Duterte’s reaction to the meeting surprised both members of the Adventist delegation and the presidential administration.
Bienvenido Tijano, an Adventist pastor who is well acquainted with Duterte as Philippines ambassador to Papua New Guinea, expressed astonishment that the meeting had lasted longer than the five to 10 minutes scheduled for the courtesy call and that Wilson had been able to share such a spiritual message.
“I have never seen this kind of visit in which the president allows someone to have so much time and the opportunity to share such a message,” Tijano said.
He added that the meeting had made a positive impact on members of the presidential administration and that they had been impressed that Duterte was so attentive to Wilson’s words.
“The Holy Spirit was really there, working,” he said.
Duane McKey, president of Adventist World Radio, also marveled at Duterte’s response.
“The event was incredible, especially after I understood from President Duterte’s assistants that he usually allows people to talk for only five or 10 minutes or less,” he said. “It was very spiritual, and he responded very well.… We were blessed and proud to be Seventh-day Adventists.”
Christians Are Like Poinsettias
Kathy Proffitt, a former U.S. ambassador to Malta who has participated in many meetings with world leaders, said the spiritual nature of this particular meeting made it unlike any that she has attended previously.

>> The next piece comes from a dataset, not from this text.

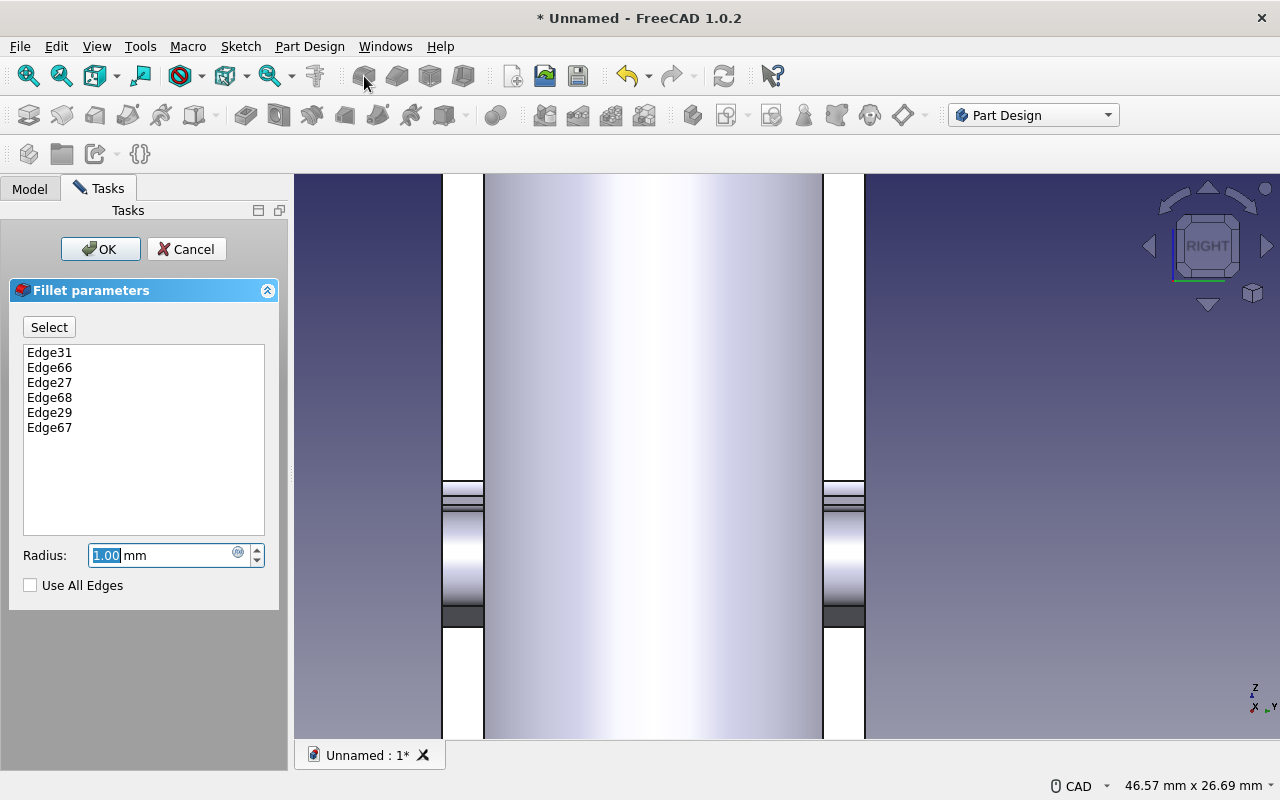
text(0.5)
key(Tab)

“Often these meetings are very superficial, very formal, and people say the things they are expected to say,” Proffitt, a board member with Adventist World Radio, said. “But this was more of a real connection.… President Duterte was sharing his personal religious beliefs. I’ve never seen that happen before — ever.”
Samuel Saw, president of the Adventist Church’s Southern Asia-Pacific Division, whose territory includes the Philippines, emphasized that the visit with Duterte was not a “usual courtesy call.”
“It was a visit with a purpose, a visit with a mission,” he said.
During the meeting, Wilson told Duterte that his desire, and the desire of every Christian, is simply to share Jesus’ love. He likened Christians to the festive red poinsettia flowers that he noticed Duterte has placed around the presidential palace for the Christmas season.
“I must say, I appreciate the beautiful poinsettias in the palace,” Wilson said. “They are really a beautiful touch that help brighten things. And really, that’s what Seventh-day Adventists and other Christians are all about: brightening the lives of people.”